[[ Input open ]]

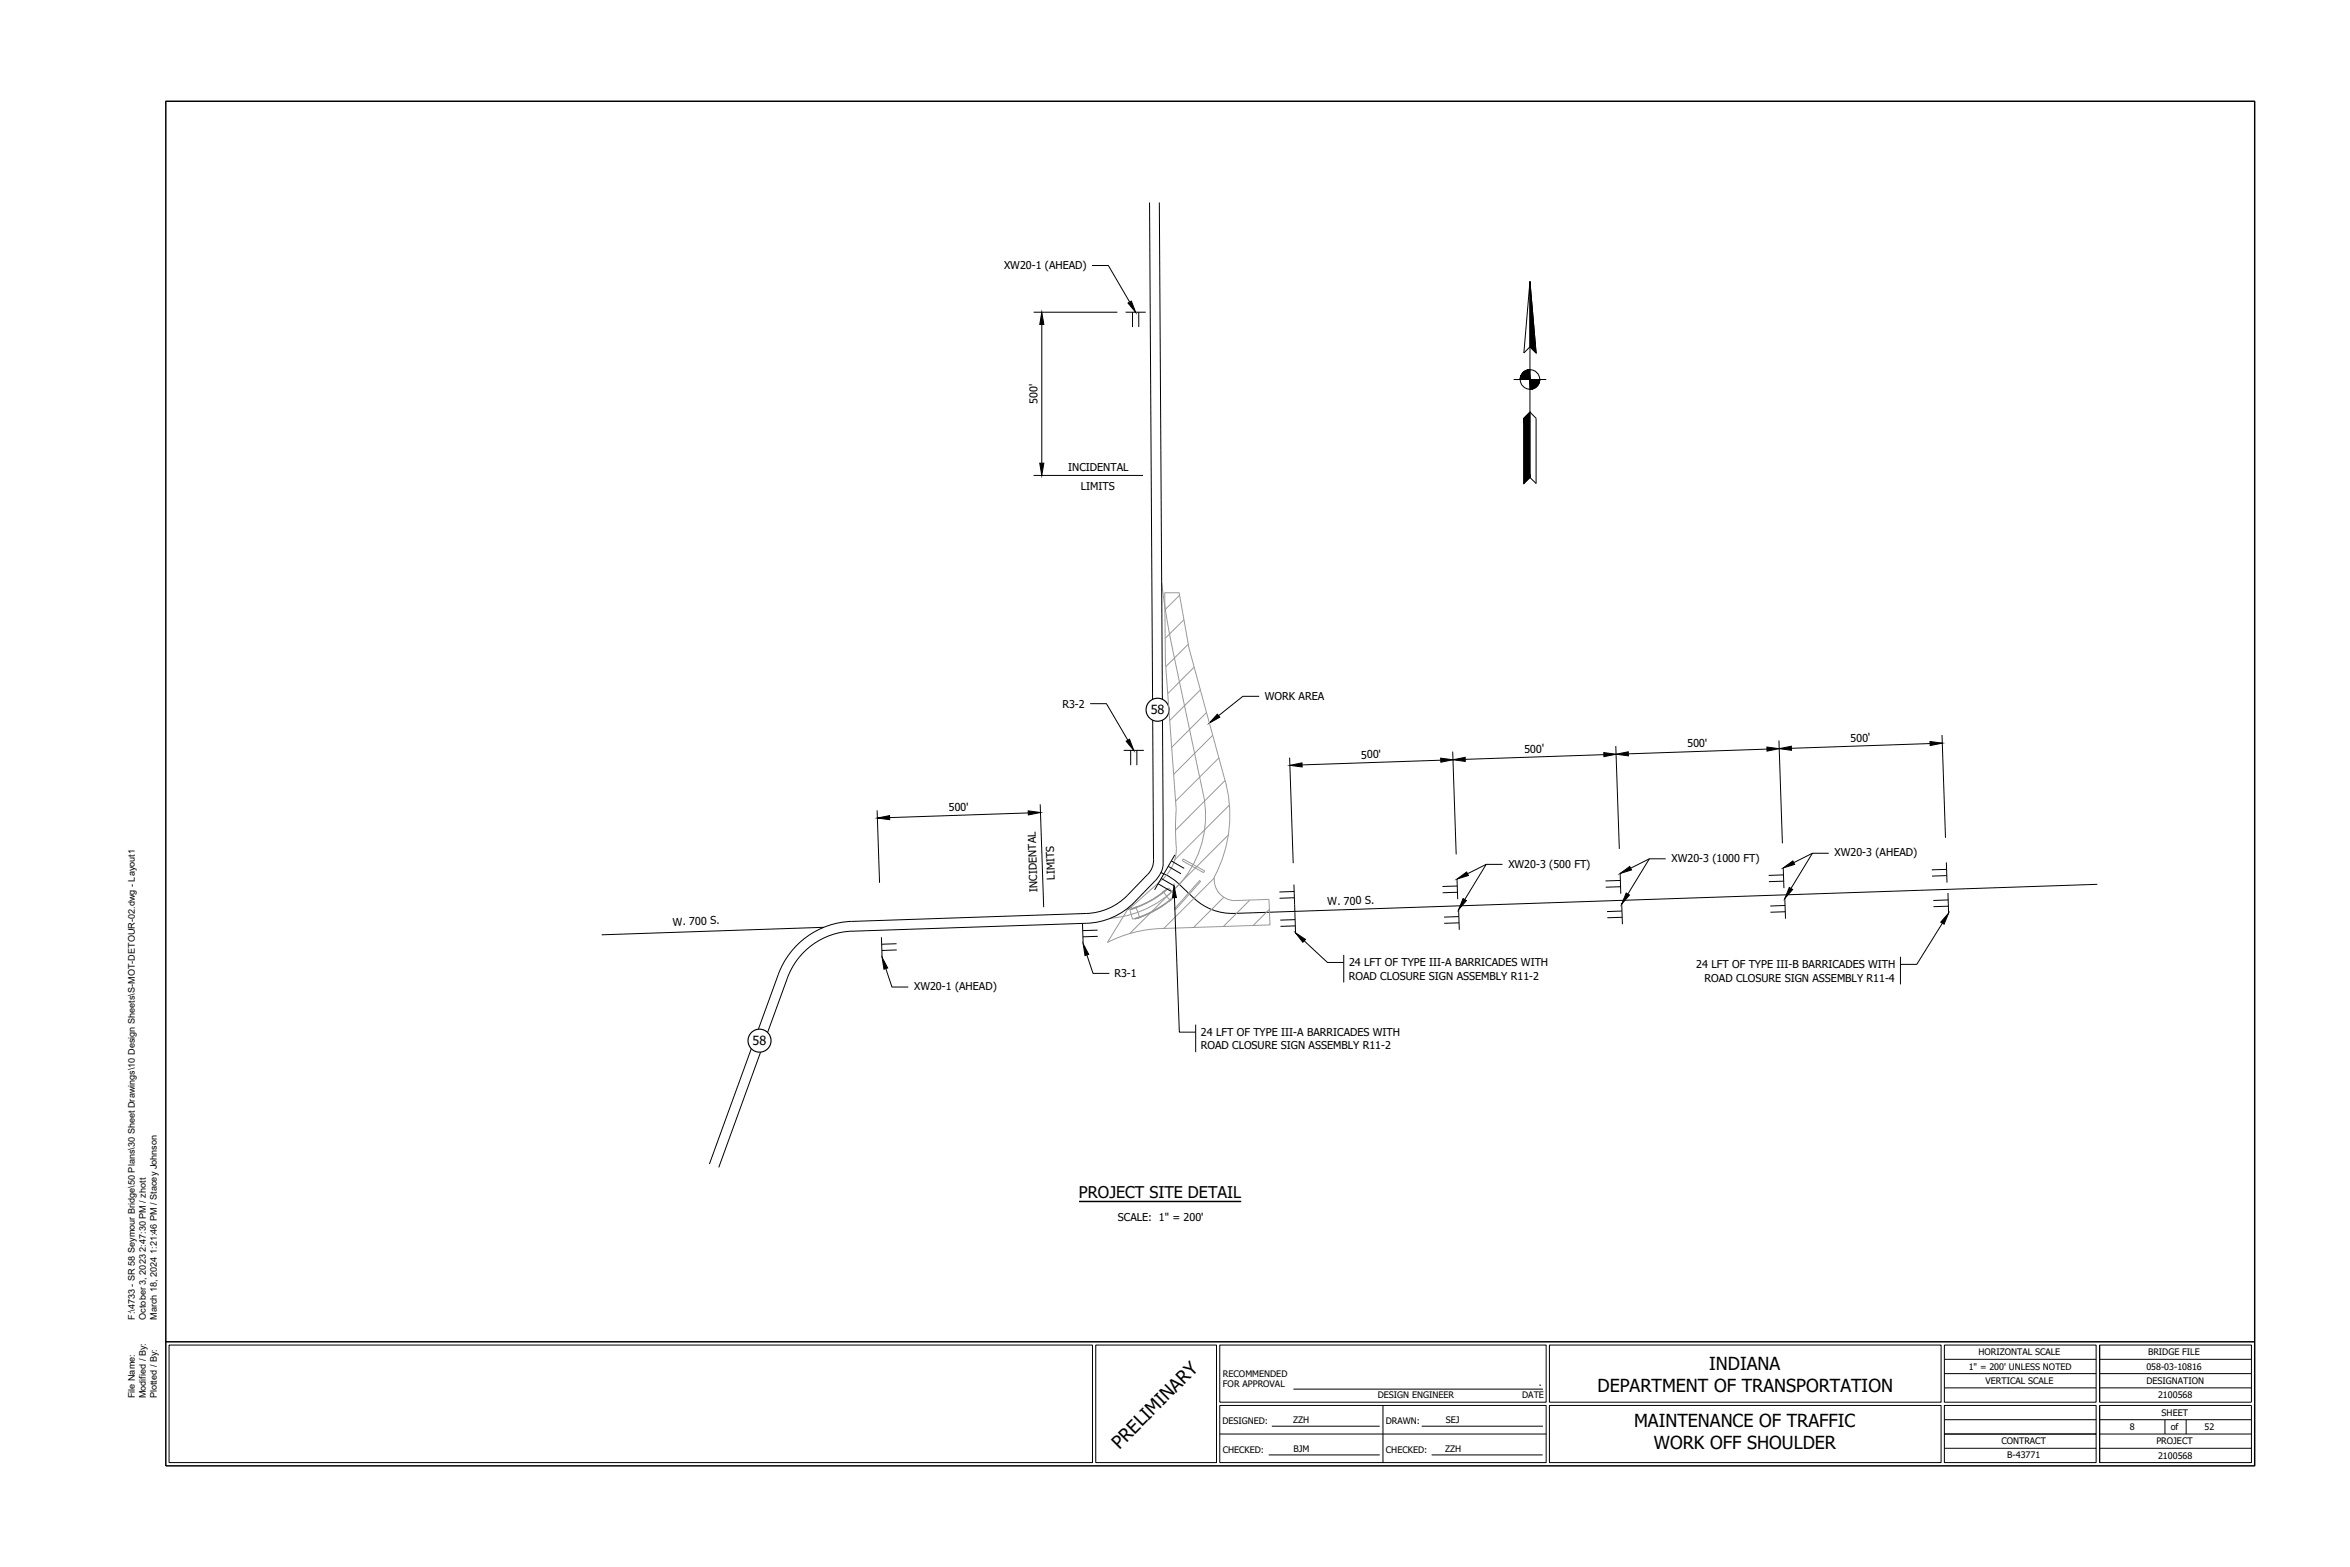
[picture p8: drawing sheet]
<svg xmlns="http://www.w3.org/2000/svg" width="914mm" height="610mm" viewBox="0 0 914 610" stroke-linecap="round" stroke-linejoin="round" font-family="sans-serif">
<defs><g id="words">
<text font-size="7.1" x="435.6" y="563.9" transform="rotate(-45 435.6 563.9)">PRELIMINARY</text>
<g font-size="7">
<text x="665.1" y="533">INDIANA</text>
<text x="621.6" y="541.6">DEPARTMENT OF TRANSPORTATION</text>
<text x="635.8" y="555.3">MAINTENANCE OF TRAFFIC</text>
<text x="643.5" y="563.8">WORK OFF SHOULDER</text>
</g>
<text font-size="6.3" x="419.8" y="466.1">PROJECT SITE DETAIL</text>
<text font-size="5.9" x="598.8" y="539.2">.</text>
<g font-size="4.9">
<text x="447.7" y="277.9">58</text>
<text x="292.8" y="406.6">58</text>
</g>
<g font-size="4.2">
<text x="390.7" y="104.5">XW20-1 (AHEAD)</text>
<text x="403.7" y="157.1" transform="rotate(-90 403.7 157.1)">500'</text>
<text x="415.7" y="183.1">INCIDENTAL</text>
<text x="420.5" y="190.4">LIMITS</text>
<text x="413.4" y="275.3">R3-2</text>
<text x="492.2" y="272.4">WORK AREA</text>
<text x="593.2" y="292.9" transform="rotate(-2 593.2 292.9)">500'</text>
<text x="656.6" y="290.8" transform="rotate(-2 656.6 290.8)">500'</text>
<text x="720.1" y="288.6" transform="rotate(-2 720.1 288.6)">500'</text>
<text x="529.7" y="295.1" transform="rotate(-2 529.7 295.1)">500'</text>
<text x="369.2" y="315.6" transform="rotate(-2 369.2 315.6)">500'</text>
<text x="650.4" y="335.3">XW20-3 (1000 FT)</text>
<text x="713.8" y="333.2">XW20-3 (AHEAD)</text>
<text x="586.9" y="337.5">XW20-3 (500 FT)</text>
<text x="403.8" y="347" transform="rotate(-92 403.8 347)">INCIDENTAL</text>
<text x="410.5" y="342.3" transform="rotate(-92 410.5 342.3)">LIMITS</text>
<text x="516.6" y="352.2" transform="rotate(-2 516.6 352.2)">W. 700 S.</text>
<text x="261.9" y="360.1" transform="rotate(-2 261.9 360.1)">W. 700 S.</text>
<text x="524.9" y="376">24 LFT OF TYPE III-A BARRICADES WITH</text>
<text x="660" y="376.7">24 LFT OF TYPE III-B BARRICADES WITH</text>
<text x="433.6" y="380.2">R3-1</text>
<text x="524.8" y="381.1">ROAD CLOSURE SIGN ASSEMBLY R11-2</text>
<text x="663.3" y="381.8">ROAD CLOSURE SIGN ASSEMBLY R11-4</text>
<text x="355.7" y="385.2">XW20-1 (AHEAD)</text>
<text x="467.3" y="403.1">24 LFT OF TYPE III-A BARRICADES WITH</text>
<text x="467.2" y="408.2">ROAD CLOSURE SIGN ASSEMBLY R11-2</text>
<text x="435" y="475">SCALE: 1&quot; = 200'</text>
</g>
<g font-size="3.5">
<text x="52.4" y="513.5" transform="rotate(-90 52.4 513.5)">F:\4733 - SR 58 Seymour Bridge\50 Plans\30 Sheet Drawings\10 Design Sheets\S-MOT-DETOUR-02.dwg - Layout1</text>
<text x="56.7" y="513.4" transform="rotate(-90 56.7 513.4)">October 3, 2023 2:47:30 PM / zhott</text>
<text x="61" y="513.5" transform="rotate(-90 61 513.5)">March 18, 2024 1:21:46 PM / Stacey Johnson</text>
<text x="769.8" y="527.2">HORIZONTAL SCALE</text>
<text x="835.8" y="527.3">BRIDGE FILE</text>
<text x="766" y="532.8">1&quot; = 200' UNLESS NOTED</text>
<text x="835.2" y="532.8">058-03-10816</text>
<text x="475.9" y="535.8">RECOMMENDED</text>
<text x="475.9" y="539.7">FOR APPROVAL</text>
<text x="772.6" y="538.3">VERTICAL SCALE</text>
<text x="835.2" y="538.4">DESIGNATION</text>
<text x="52.4" y="544" transform="rotate(-90 52.4 544)">File Name:</text>
<text x="56.7" y="544" transform="rotate(-90 56.7 544)">Modified / By:</text>
<text x="61" y="544" transform="rotate(-90 61 544)">Plotted / By:</text>
<text x="536.1" y="544">DESIGN ENGINEER</text>
<text x="592.3" y="544">DATE</text>
<text x="839.7" y="544">2100568</text>
<text x="841.1" y="550.7">SHEET</text>
<text x="475.6" y="554">DESIGNED:</text>
<text x="503.2" y="553.6">ZZH</text>
<text x="539.2" y="554.1">DRAWN:</text>
<text x="562.6" y="553.6">SEJ</text>
<text x="828.7" y="556.3">8</text>
<text x="844.7" y="556.3">of</text>
<text x="857.8" y="556.2">52</text>
<text x="778.7" y="561.8">CONTRACT</text>
<text x="839" y="561.8">PROJECT</text>
<text x="475.8" y="565.2">CHECKED:</text>
<text x="503.3" y="564.7">BJM</text>
<text x="539.3" y="565.2">CHECKED:</text>
<text x="562.3" y="564.7">ZZH</text>
<text x="781" y="567.4">B-43771</text>
<text x="839.7" y="567.5">2100568</text>
</g>
</g></defs>
<!-- layer: 2100568 LINE PR-A|LINE PR-A -->
<path d="M452 226.7l1.6 11.8 1.8 10 12.8 60.5a40 40 0 0 1-36.1 48.2" fill="none" stroke="#999" stroke-width=".39"/>
<!-- layer: Roads - Minor -->
<path d="M451.7 339.4a20 20 0 0 1 6.7 4.2l6.2 5.9a21.6 21.6 0 0 0 15.6 5.8l335.9-11.3M320.6 360.7l-86.5 3" fill="none" stroke="#000" stroke-width=".39"/>
<!-- layer: TEXT-L180 -->
<path d="M419.8 467.4h63.2" fill="none" stroke="#000" stroke-width=".57"/>
<!-- layer: MOT SIGNS -->
<g fill="none" stroke="#000" stroke-width=".44">
<circle cx="450.4" cy="276.1" r="4.5"/>
<circle cx="295.5" cy="404.8" r="4.5"/>
</g>
<!-- layer: TEXT-ANNO -->
<g fill="#000" stroke="#000" stroke-width=".39">
<path d="M438.9 117.9l1.3-.8 1.7 4.4zM595.3 109.5l2.4 27.8-2.4-2.4zM405.4 121.5l.8 4.7h-1.6zM595 143.8h.3v3.8zM595.3 147.6l3.3 2-.4 .5zM595.3 147.6l2.5 2.9-.5 .4zM591.5 147.3l3.8 .3h-3.8zM595.3 147.6l3.5 1.5-.2 .5zM595.3 147.6l2.9 2.5-.4 .4zM595.3 147.6l2 3.3-.5 .3zM404.6 180.2h1.6l-.8 4.8zM473.7 277.8l.9 1.2-4 2.3z"/>
<path d="M438.2 288.4l1.3-.8 1.7 4.3zM501.9 297.7l4.7-.9 .1 1.6zM560.6 294.9l4.8 .7-4.8 .9zM565.4 295.6l4.7-1v1.6zM624 292.8l4.8 .6-4.7 1zM628.8 293.4l4.8-.9v1.5zM687.5 290.6l4.8 .7-4.7 .9zM692.3 291.3l4.7-1 .1 1.6zM751 288.5l4.8 .6-4.8 .9zM341.4 318.2l4.7-.9 .1 1.6zM400.1 315.4l4.8 .7-4.8 .9zM630.4 339.8l3.8-2.7 .6 1.3z"/>
<path d="M693.9 337.7l3.7-2.8 .7 1.4zM456.8 344.6l1 4.6h-1.6zM569.3 349.6l1.3 .8-3 3.5zM566.9 342l3.8-2.8 .7 1.4zM632.8 347.4l1.2 .8-3 3.5zM696.2 345.2l1.3 .8-3 3.5zM758.2 355.2l-1.7 4.3-1.3-.8zM343.2 372.5l2.2 4.1-1.4 .4zM421.5 367.2l2.1 4.1-1.4 .5zM504.1 362.9l3.9 2.6-1.1 1.1z"/>
<path d="M592.1 145.6l-.3 .6 3.5 1.4zM591.8 146.2l3.5 1.4-3.7-.9zM591.6 146.7l-.1 .6 3.8 .3z"/>
<path d="M592.8 144.7l2.5 2.9-2-3.2zM592.4 145.2l.4-.5 2.5 2.9zM592.4 145.2l-.3 .4 3.2 2z"/>
<path d="M594.4 143.9l.9 3.7-.3-3.8zM593.9 144.1l.5-.2 .9 3.7zM593.3 144.4l2 3.2-1.4-3.5z"/>
<path d="M595.3 147.6l1.5 3.6-.6 .1zM595.3 147.6l.3 3.8 .6-.1zM595.3 147.6l.3 3.8h-.3z"/>
<path d="M595.3 147.6h3.8v.3zM595.3 147.6l3.7 .9 .1-.6zM595.3 147.6l3.7 .9-.2 .6z"/>
<path d="M592.9 162.7v25.4l2.4-2.4zM592.9 162.7l2.4-2.4v25.4z"/>
</g>
<g fill="none" stroke="#000" stroke-width=".39">
<path d="M424.9 103.3h6.4l8.3 14.2M595.3 109.5l2.4 27.8-2.4-2.4-2.4 2.4 2.4-27.8v76.2M402.2 121.5h32.6M405.4 126.2v54M589 147.6h12.7M595.3 160.3l2.4 2.4v25.4l-2.4-2.4-2.4 2.4v-25.4zM402.2 185h42.6M424.2 273.7h6.3l8.3 14.3M489.9 270.9h-6.3l-9.4 7.5M501.8 294.7l1.4 41.1M560.6 295.7l-53.9 1.9M565.3 292.4l1.3 40"/>
<path d="M624.1 293.6l-54 1.8M628.7 290.2l1.4 40M687.5 291.4l-53.9 1.9M692.2 288.1l1.3 40M751 289.3l-53.9 1.8M755.6 285.9l1.4 40M341.3 315.2l.9 28.2M400.1 316.3l-53.9 1.8M404.7 312.9l1.4 40M578.3 336.3l-7.3 3.6M584.6 336.3h-6.3l-8.4 13.7M641.8 334.1l-7.3 3.7"/>
<path d="M648.1 334.1h-6.3l-8.4 13.7M705.2 331.9l-7.3 3.7M711.6 331.9h-6.4l-8.3 13.8M440.2 352.8l-1.5 1.1M457 349.2l1.9 52.3h6.3M755.8 359.1l-10 16.1h-6.3M344.7 376.8l2.4 7.2h6.3M422.9 371.5l2.4 7.2h6.4M507.5 366l9 8.4h6.4M522.9 371.5v10.7M739.5 372.2v10.7M465.2 398.6v10.7"/>
<circle cx="595.3" cy="147.6" r="3.8"/>
</g>
<!-- layer: Roads - Major -->
<path d="M447.3 78.8l1.2 193.3M451.1 78.8l1.2 193.3M448.5 280.2l.3 54.1a7.6 7.6 0 0 1-2.4 6l-7.6 7.9M452.3 280.1l.3 55.9M452.6 336l-.5 2.6-.9 1.7M438.8 348.2a23.5 23.5 0 0 1-16.1 7.2l-91.3 3.1a31.5 31.5 0 0 0-28.6 20.7l-7.7 21.2M449.4 342.7l-7.9 8.2a27.3 27.3 0 0 1-18.7 8.3l-91.3 3.1a27.7 27.7 0 0 0-25.1 18.2l-7.7 21.2M451.2 340.3l-1.7 2.4M292.3 408l-16.3 44.8M296 409.3l-16.3 44.9" fill="none" stroke="#000" stroke-width=".39"/>
<!-- layer: SIGNS -->
<g fill="none" stroke="#000" stroke-width=".39">
<path d="M438 121.5h7.8M440.7 121.5v5.7M443.1 121.5v5.7M437.2 291.9h7.9M439.9 291.9v5.8M442.4 291.9v5.8M454.6 337l4.9 2.9M455.8 334.9l5 2.9M457.1 332.6l-7.8 13.6M630.4 339.8l.3 7.9M693.9 337.7l.2 7.8M757.3 335.5l.3 7.8"/>
<path d="M757.4 338.2l-5.8 .2M421.2 359.3l.3 7.9M450.6 343.8l5 2.9M451.8 341.7l5 2.9M503.5 344.1l.6 18.8M503.6 346.8l-5.8 .2M503.6 349.3l-5.7 .1M503.9 357.8l-5.7 .1M566.9 342l.3 7.8M567 344.7l-5.7 .2M567.1 347.1l-5.8 .2M567.6 353.9l.2 7.8"/>
<path d="M567.6 356.6l-5.7 .2M567.7 359l-5.7 .2M630.5 342.5l-5.8 .2M630.6 345l-5.8 .1M631 351.7l.3 7.9M631.1 354.4l-5.8 .2M631.2 356.8l-5.8 .2M694 340.4l-5.8 .2M694 342.8l-5.7 .2M694.5 349.5l.3 7.9M694.6 352.3l-5.8 .2M694.7 354.7l-5.8 .2"/>
<path d="M757.5 340.6l-5.8 .2M758 347.4l.2 7.8M758 350.1l-5.7 .2M758.1 352.5l-5.8 .2M343 364.6l.2 7.9M348.8 367.1l-5.7 .2M348.9 369.5l-5.7 .3M427.1 361.8l-5.8 .2M427.1 364.3l-5.7 .1M504 360.2l-5.8 .2"/>
</g>
<!-- layer: 2100568 PR-STRUCTURE|STRU-CONC-PR -->
<g fill="none" stroke="#999" stroke-width=".39">
<path d="M441.5 357.3l.1 .2M442 352.9l1.5 4M442 352.9l-1.9 .7M442 353l-1.8 .6M442.1 353.1l-2.5 .8 1.1 3.7 2.7-.9M442.1 353.1l-2 .5M442.1 353.1l-1.9 .5M442.6 352.7l-1.4 .5M443.4 356.7l-1.8 .8M443.5 356.9l-1.9 .6M444.1 356.7l-1.5 .5M445.6 351.5l-.2 .1"/>
<path d="M447.4 355.1l-.3 .2M449.8 349.1l-.2 .2M452 352.5l-.3 .2M452.1 347.3l1.3-.9zM452.7 347l-4.6 3.1-6.1 2.8M452.7 347l2.6 3.3M452.8 347.1l-4.6 3.2-6.1 2.8M452.8 347.1l2-1.6 2.5 2.8-2.2 1.8M454.1 351.2l-5.8 3.6-6.3 2.6M454.2 345.7l-1.4 1.5M454.2 345.7l-1.5 1.3M455.1 350.1l1.7-1.1z"/>
<path d="M455.1 350.1l-5.6 3.8-6.1 2.8M455.3 350.3a42.1 42.1 0 0 1-13.7 7.2M455.3 350.3l-5.7 3.8-6.1 2.8M456 349.7l-1.2 1.1M456.8 349l-1.5 1.3"/>
</g>
<!-- layer: 2100568 PR-STRUCTURE|STRU-PIPE-PR -->
<path d="M460.4 334.2l8.3 4.6-.4 .7-8.3-4.6zM466.8 342.6l.4 .3-9.8 11-.4-.3z" fill="none" stroke="#999" stroke-width=".39"/>
<!-- layer: TEXT-ANNO -->
<g fill="none" stroke="#999" stroke-width=".39">
<path d="M459 231.6l-5.7 5.7M460.7 241.1l-7.3 7.3M462.4 250.6l-8.8 8.8M464.7 259.5l-10.3 10.4M467.1 268.4l-12 11.9M469.5 277.2l-13.6 13.6M471.9 286l-15.2 15.2M474.3 294.8l-16.9 16.9M476.7 303.6l-19.3 19.4M478.4 313.2l-21.3 21.3M477.9 324.8l-38.3 38.4M472.5 341.6l-19.7 19.6"/>
<path d="M472.5 341.2a50.7 50.7 0 0 0 3.9-38.7l-13.7-50.3-3.9-21.6h-5.6l.3 27 4.2 57.3-.3 10.2a21.7 21.7 0 0 1-.7 10.5l-1.5 3.1-2.1 2.6-14.4 12.6-7.8 12.7a49.2 49.2 0 0 1 20.9-5.4l42.4-1.4-.4-9.9-13.6 .5a8.2 8.2 0 0 1-7.7-9.2M476.2 349.1l-11.8 11.7M486.3 350.1l-10.3 10.3M493.9 353.8l-6.2 6.2"/>
</g>
<!-- layer: XR-TITLE|SH-BORD-BLKS -->
<g fill="none" stroke="#000" stroke-width=".39">
<path d="M65.8 523.3h359.3v45.7h-359.3zM426.4 523.3h47v45.7h-47zM474.6 523.3h127v22.2h-127zM602.9 523.3h152.4v22.2h-152.4zM756.6 523.3h59v22.2h-59zM756.6 539.9h59M756.6 534.4h59M756.6 528.8h59M817 523.3h59v22.2h-59zM817 523.3v22.2M817 539.9h59M817 534.4h59"/>
<path d="M817 528.8h59M474.6 546.8h127v22.2h-127zM474.6 557.9h127M494.9 554.8h42M503.3 540.4h97.1M538.1 546.8v22.2M553.2 554.8h47.2M602.9 546.8h152.4v22.2h-152.4zM756.6 557.9h59v11.1h-59zM756.6 546.8h59v11.1h-59zM756.6 552.3h59M817 546.8h59v22.2h-59z"/>
<path d="M817 557.9h59M817 552.3h59M817 546.8v22.2M842.4 552.3v5.6M850.6 552.3v5.6M493.7 566h43.2M557.1 566h43.1M756.6 563.4h59M817 563.4h59"/>
</g>
<!-- layer: XR-TITLE|SH-BORD-FRAM -->
<path d="M64.5 39.4h812.8v530.9h-812.8zM64.5 522h812.8" fill="none" stroke="#000" stroke-width=".57"/>
<use href="#words"/>
</svg>

[[ Input closed ]]

> _Task statement_: Scan the lines above for "<!-- layer: Roads - Minor -->" and for "288.4l1.3-.8 1.7 4.3zM501.9". Repeat exactly the line holding each of them and every line in between.

> _Answer to the exercise_:
<!-- layer: Roads - Minor -->
<path d="M451.7 339.4a20 20 0 0 1 6.7 4.2l6.2 5.9a21.6 21.6 0 0 0 15.6 5.8l335.9-11.3M320.6 360.7l-86.5 3" fill="none" stroke="#000" stroke-width=".39"/>
<!-- layer: TEXT-L180 -->
<path d="M419.8 467.4h63.2" fill="none" stroke="#000" stroke-width=".57"/>
<!-- layer: MOT SIGNS -->
<g fill="none" stroke="#000" stroke-width=".44">
<circle cx="450.4" cy="276.1" r="4.5"/>
<circle cx="295.5" cy="404.8" r="4.5"/>
</g>
<!-- layer: TEXT-ANNO -->
<g fill="#000" stroke="#000" stroke-width=".39">
<path d="M438.9 117.9l1.3-.8 1.7 4.4zM595.3 109.5l2.4 27.8-2.4-2.4zM405.4 121.5l.8 4.7h-1.6zM595 143.8h.3v3.8zM595.3 147.6l3.3 2-.4 .5zM595.3 147.6l2.5 2.9-.5 .4zM591.5 147.3l3.8 .3h-3.8zM595.3 147.6l3.5 1.5-.2 .5zM595.3 147.6l2.9 2.5-.4 .4zM595.3 147.6l2 3.3-.5 .3zM404.6 180.2h1.6l-.8 4.8zM473.7 277.8l.9 1.2-4 2.3z"/>
<path d="M438.2 288.4l1.3-.8 1.7 4.3zM501.9 297.7l4.7-.9 .1 1.6zM560.6 294.9l4.8 .7-4.8 .9zM565.4 295.6l4.7-1v1.6zM624 292.8l4.8 .6-4.7 1zM628.8 293.4l4.8-.9v1.5zM687.5 290.6l4.8 .7-4.7 .9zM692.3 291.3l4.7-1 .1 1.6zM751 288.5l4.8 .6-4.8 .9zM341.4 318.2l4.7-.9 .1 1.6zM400.1 315.4l4.8 .7-4.8 .9zM630.4 339.8l3.8-2.7 .6 1.3z"/>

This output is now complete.